Magistrate recommends against COER injunction

A federal magistrate judge is recommending that a U.S. District Court judge deny a request by an advocacy group to force the Navy to halt the increased EA-18G Growler operations at the Outlying Field Coupeville.

In February, Citizens of Ebey’s Reserve, or COER, filed the motion for injunction as part of the ongoing lawsuit against the Navy over the noise impacts of a 400 percent increase of Growler aircraft landing practice at the small, rural airfield.

The state Attorney General and COER challenged the adequacy and accuracy of the Navy’s Environmental Impact Statement.

The magistrate found that COER’s motion didn’t meet the elements necessary for the injunction.

The judge isn’t required to follow the magistrate’s recommendation. COER has 14 days to reply to the magistrate’s report.

The magistrate called an injunction “an extreme remedy” that would entangle the court in the Navy’s day-to-day operations.

As COER pointed out, a decision on the injunction doesn’t impact the larger claims regarding compliance with the National Environmental Policy Act and the Historic Preservation Act.

“We always knew that the likelihood of obtaining a preliminary injunction was an extremely high mountain to climb,” COER President Robert Wilbur said in a press release.

“The U.S. Supreme Court has severely limited courts’ abilities to enjoin the military,” he continued.

“We pursued a preliminary injunction, knowing we were unlikely to prevail, because our communities are suffering from expanded Growler training over our homes, businesses, schools and the hospital,” Wilbur said in the press release.

Yet J. Richard Creatura, the magistrate judge, did comment on the merits of arguments made by COER and the attorney general in the underlying court case, writing that “they fall within an area where the Court must be highly deferential to the Navy’s choices.”

Creatura explained that the U.S. Supreme Court ruled that the Department of Defense should be given deference in matters of military operations because of the public interest in national security.
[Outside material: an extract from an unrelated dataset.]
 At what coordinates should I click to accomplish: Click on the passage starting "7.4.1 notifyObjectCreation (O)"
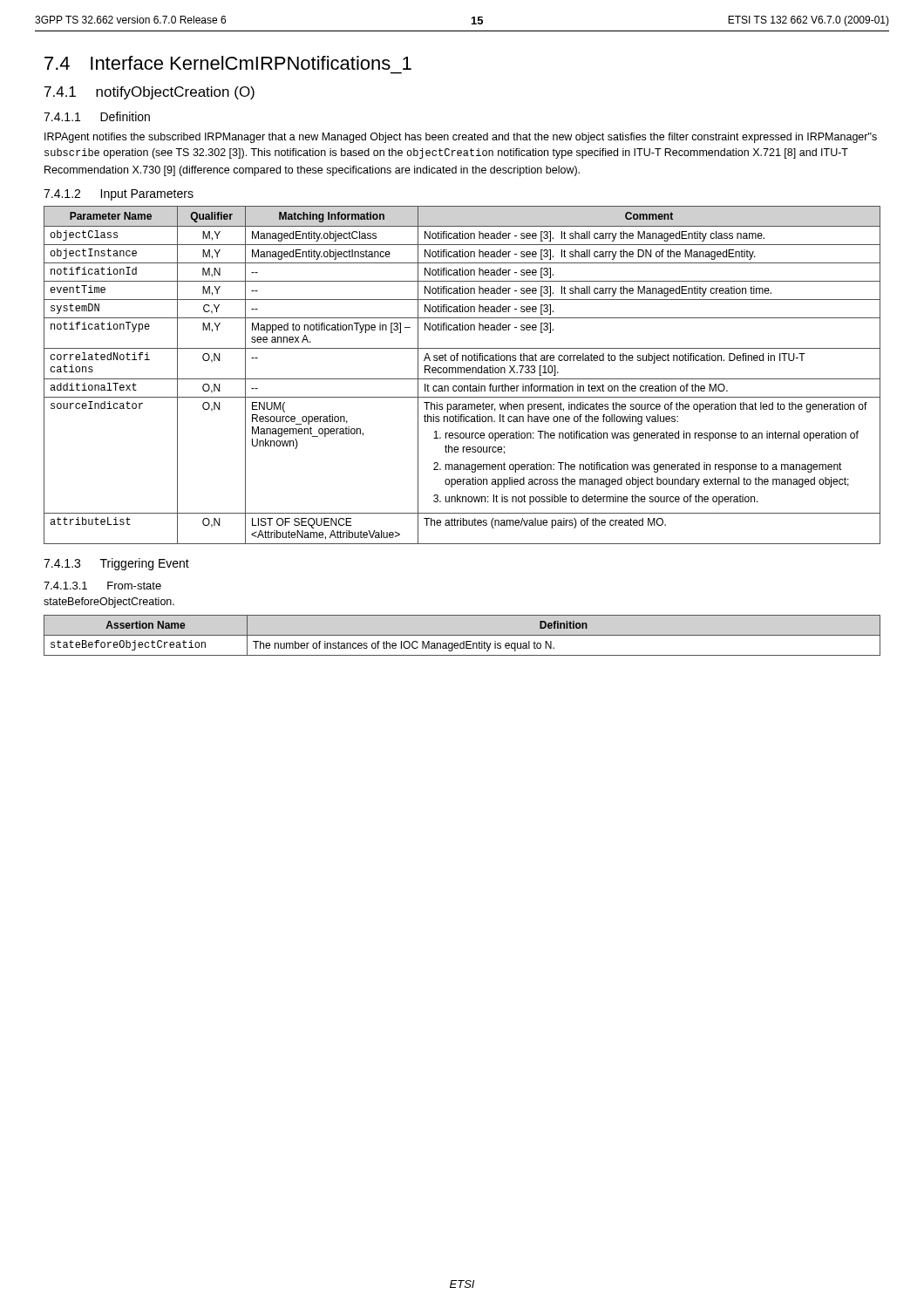tap(149, 92)
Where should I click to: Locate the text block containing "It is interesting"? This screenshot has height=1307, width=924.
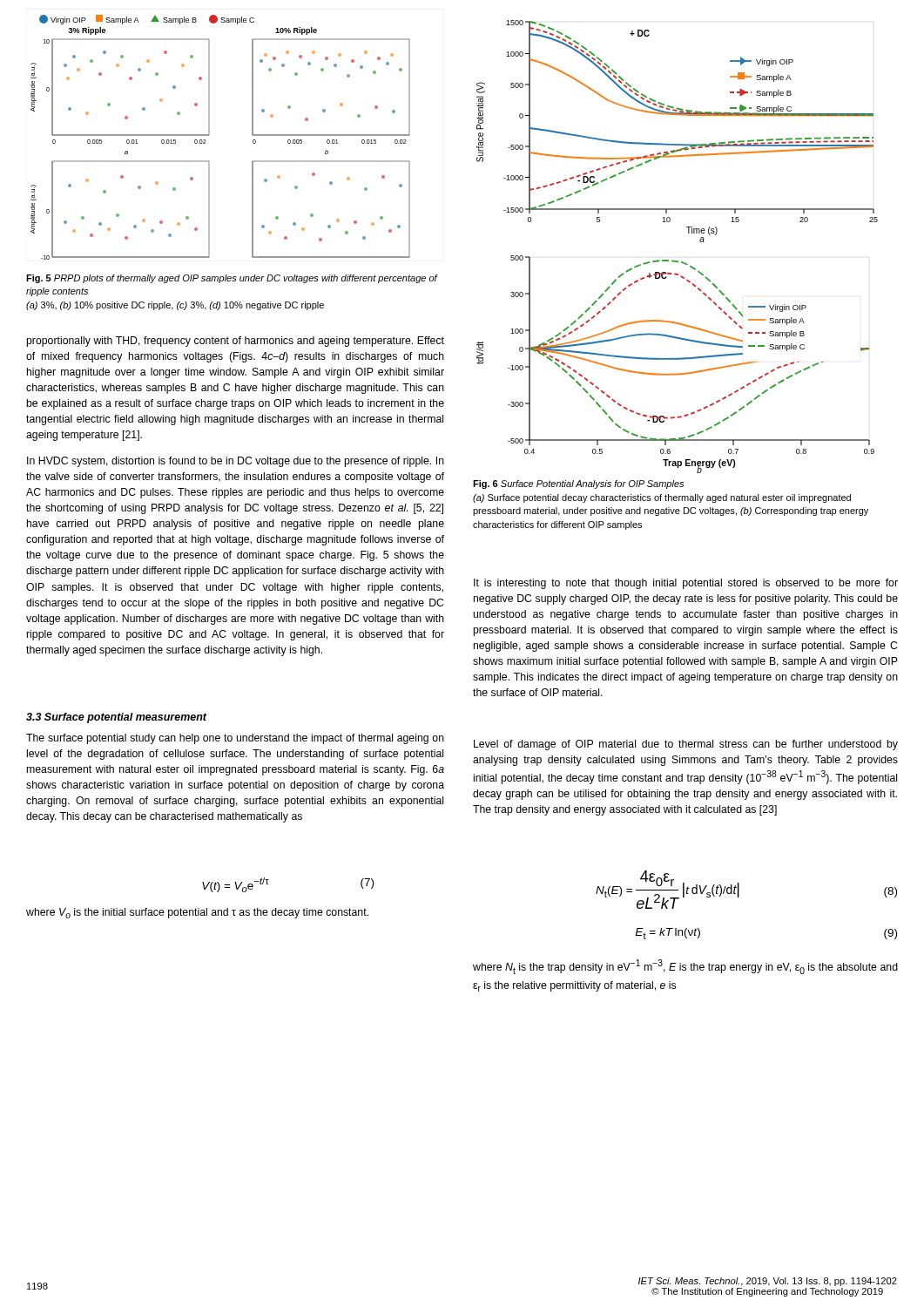pyautogui.click(x=685, y=638)

In reference to the preliminary injunction, Creatura wrote that COER hasn’t shown in the early stages of the lawsuit that it is likely to prevail.

“In fact, plaintiffs have not discussed any case, and the Court has not found any,” Creatura wrote, “where a court has granted a preliminary injunction countermanding a Department of Defense decision concerning military operations affecting the national security under similar circumstances and where that court’s ruling was not overturned.”

Creatura noted that he had reviewed classified material and that the inclusion of such evidence gives COER “a distinct disadvantage by not being about to review” the secret files.

The magistrate also found that COER’s evidence about the impacts of Growler noise falls short of establishing the kind of imminent harm that cannot be remedied through an award of damages.